Where was the police force while this type of abuse was occurring? Couldn't they have intervened? How did they let this woman be put in a cell with a man? And one who still had a camera nonetheless!?

Who was this man? And where is he so that I can personally cut off his testicles? And where is the tape, because it deserves to burn in hell with him.

I want to hate them. I want to blame them. But then, when I truly ask myself where the police force was, I come to the conclusion that they were probably in the other room, unaware; or simply shrouded in corruption themselves and afraid to intervene. And the man? Probably trying to fill a quota of tape, in order to keep up with the American market.

How is it that we try to point fingers at the brokenness of our world? But it makes us feel better, doesn't it? Because as long as I can blame them, I can't blame me.

However, I can try and change me... and I can try to change the world.

As I approached the children, they were stone faced. No ounce of emotion showed. I smiled at them, waved, said hello. Still nothing. I reached out my hand to greet them, as is proper in this country, and they robotically shook my hand, certainly out of duty more than anything else. This is not what I had pictured. All of the other children who I had met (whether in the MFHs or on the street) had always smiled at me... or at least sent a curious glance my way! How in the world could I get these kids to smile?

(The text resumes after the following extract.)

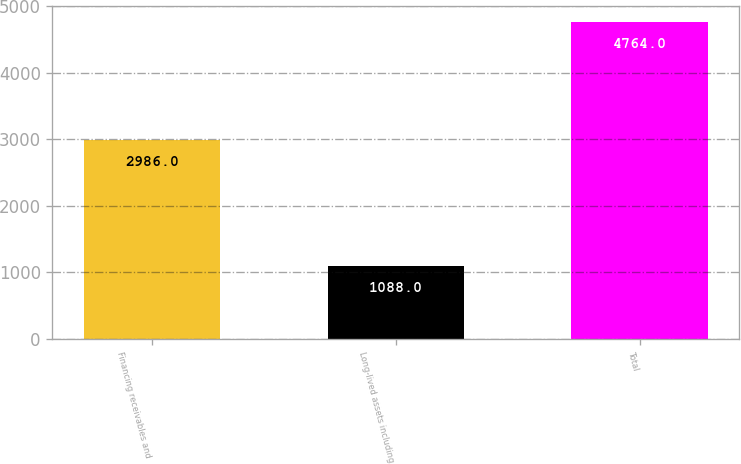Convert chart. <chart><loc_0><loc_0><loc_500><loc_500><bar_chart><fcel>Financing receivables and<fcel>Long-lived assets including<fcel>Total<nl><fcel>2986<fcel>1088<fcel>4764<nl></chart> 
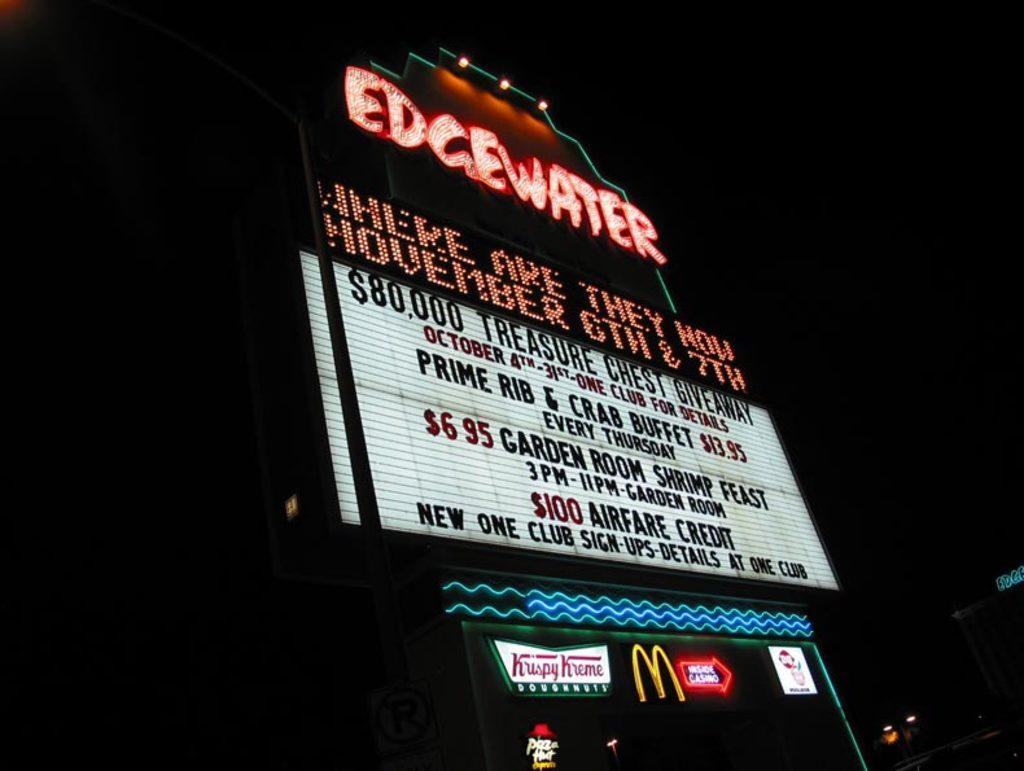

Mama Harawa took the grandmother inside the Social Welfare office to start looking at the paperwork, and I stood on the porch to start looking for a way to get the kids to trust me. Through Humphrey, we learned that they kids names were Boyd and Naomi. They didnt know how old they were, but my guess was that Boyd (older boy) was around 10, and Naomi (the younger girl) about 7. Obviously talking was not going to be the way to break the ice. So I relied on the one thing I know best: games. I took out a small rubber ball that Mom and I had purchased in packs of 3 from the dollar store right before I left. Could $0.33 change a life?

I bounced the ball at Boyd, expecting him to catch it. Instead, he let it bounce off the top of his head, and again off his body, and as it was rolling to my feet I realized he still hadnt moved. I tried to signal as best I could that he should catch it.... and tossed it again. Same result. What child doesnt know how to play catch? I asked Humphrey to try to explain to him.... but the child sat looking bewildered as Humphrey explained the concept in the native language. A few more gestures to try to instruct, and I again tossed the ball. At last he moved. He didnt come close to catching it.... but he tried. And he smiled.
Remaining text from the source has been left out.